JPH0938712A - Method for induction-heating metallic plate - Google Patents

Abstract

PROBLEM TO BE SOLVED: To prevent an induced current from being transmitted to a carrying roll and to prevent the occurrence of spark by bringing a side roll electrically grounded into contact with the side end of a metallic plate between an induction heating coil and a carrying roll. SOLUTION: The metallic plate 3 is placed on carrying rolls 2a, 2b and carried and the induction heating coils 4 for heating the side end parts of the metallic plate are arranged at two positions. The side rolls 1a, 1b grounded with lead wire 12 are brought into contact with the side end parts of the metallic plate 3 between the induction heating coils 4 and the carrying rolls 2a or 2b, respectively. Therefore, the current intended to flow from the metallic plate 3 to the carrying rolls 2a, 2b is allowed to flow to the grounded side rolls 1a, 1b and the the induced current can be prevented from being transmitted to the carrying rolls 2a, 2b for metallic plate and the generation of the induced current loop causing the occurrence of spark can be prevented.

Description

Detailed Description of the Invention

[0001]

BACKGROUND OF THE INVENTION 1. Field of the Invention The present invention is intended to suppress a spark generated between a metal plate and a transfer roll when a side end portion of the metal plate such as a hot rolled steel plate is conveyed while being partially heated. The present invention relates to a possible induction heating method.

[0002]

2. Description of the Related Art High-pressure water is sprayed on the surface of a hot-rolled steel sheet after rough rolling for descaling, but at this time, the side edges of the steel sheet tend to be overcooled compared to the central portion. For this reason, a difference occurs in the deformation resistance in the width direction of the steel sheet, which hinders subsequent finish rolling or hot straightening. As a countermeasure, there is a method in which the end portion on the metal plate side is rapidly heated by induction heating during hot rolling to make the temperature distribution in the width direction of the steel sheet uniform.

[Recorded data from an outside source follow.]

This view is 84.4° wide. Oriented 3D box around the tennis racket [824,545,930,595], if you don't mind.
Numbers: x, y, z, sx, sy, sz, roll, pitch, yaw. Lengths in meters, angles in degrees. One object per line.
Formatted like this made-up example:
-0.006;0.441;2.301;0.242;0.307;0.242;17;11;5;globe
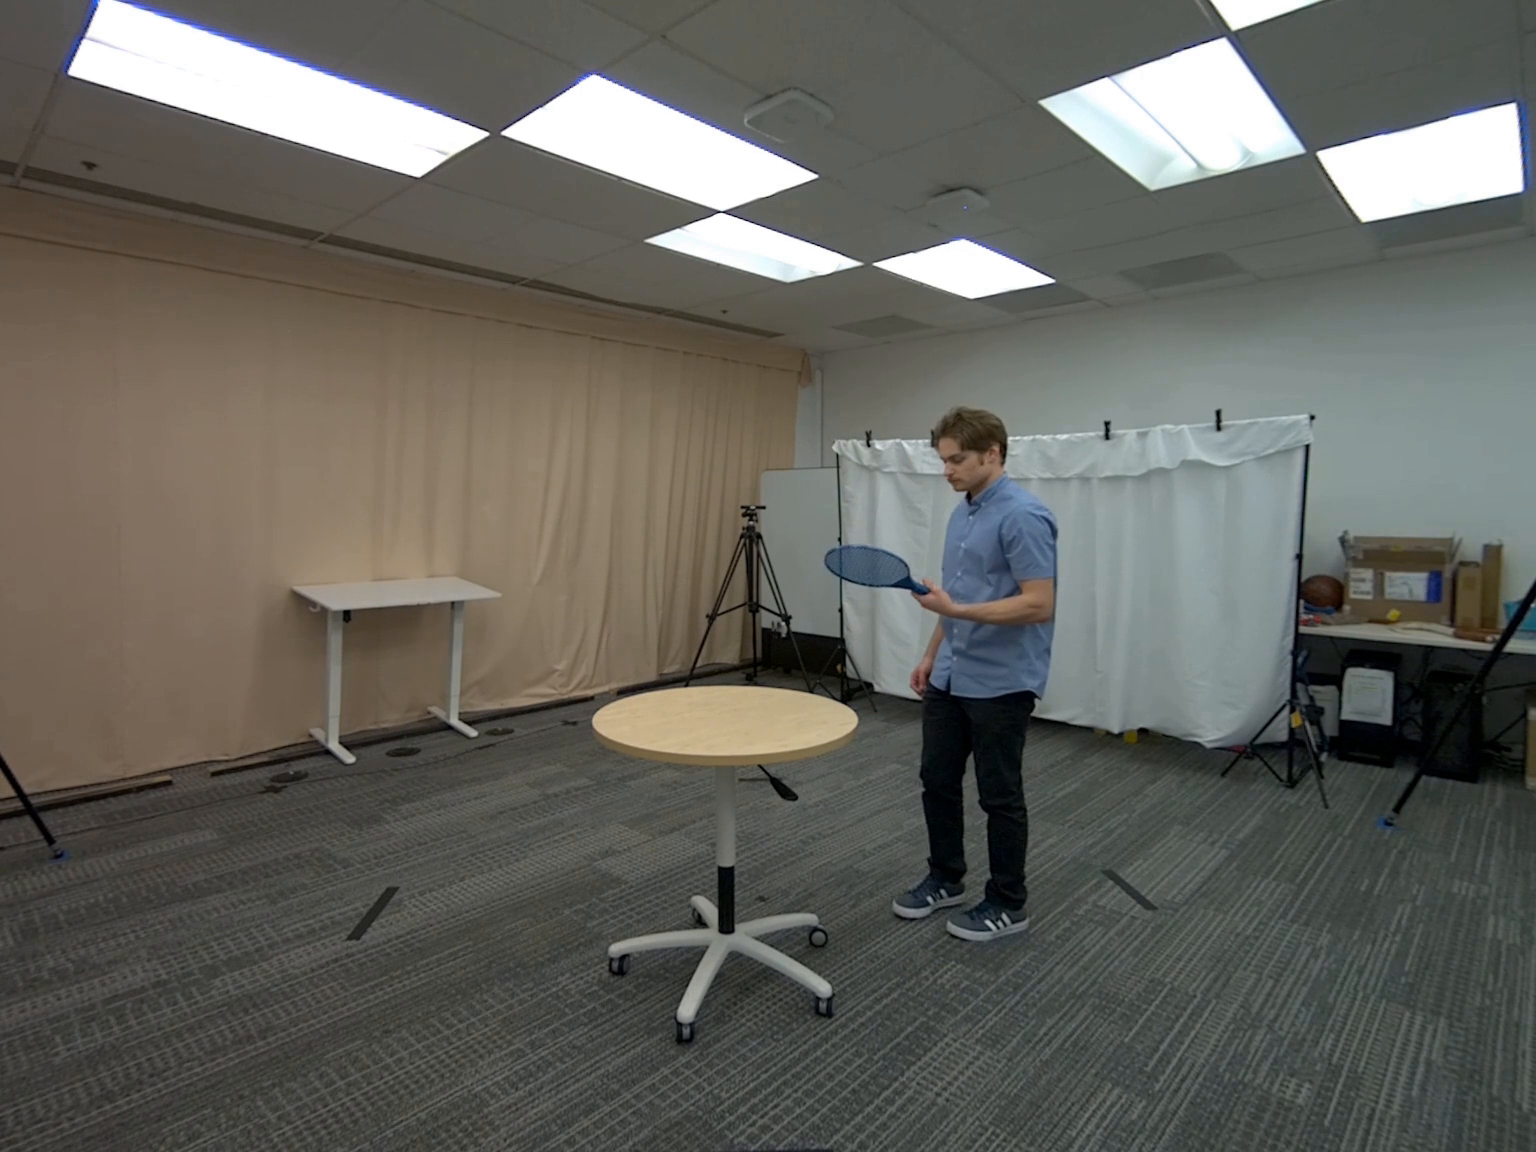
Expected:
0.373;0.002;2.484;0.423;0.032;0.216;22;-36;-20;tennis racket

Further, in a thick steel plate used as a building material such as a long material for shipbuilding or a bridge or a steel frame, the end portion on the steel plate side is similarly supercooled by water cooling or accelerated cooling during controlled rolling. Therefore, there is a problem that not only the finish rolling is hindered, but also the residual stress of the product is generated, and the stripping camber (lateral bending) of the stripping and cutting material of the thick steel plate becomes large. As a countermeasure against this, Japanese Patent Laid-Open No. 4-662
No. 71 discloses that the supercooled region of the steel sheet side end portion is reheated by induction heating immediately before hot leveling after water cooling and / or during hot leveling, and the temperature difference between the central portion and the side end portion of the steel sheet is, for example, A method of making the temperature uniform in the plate width direction so as to be within 50 ° C is disclosed.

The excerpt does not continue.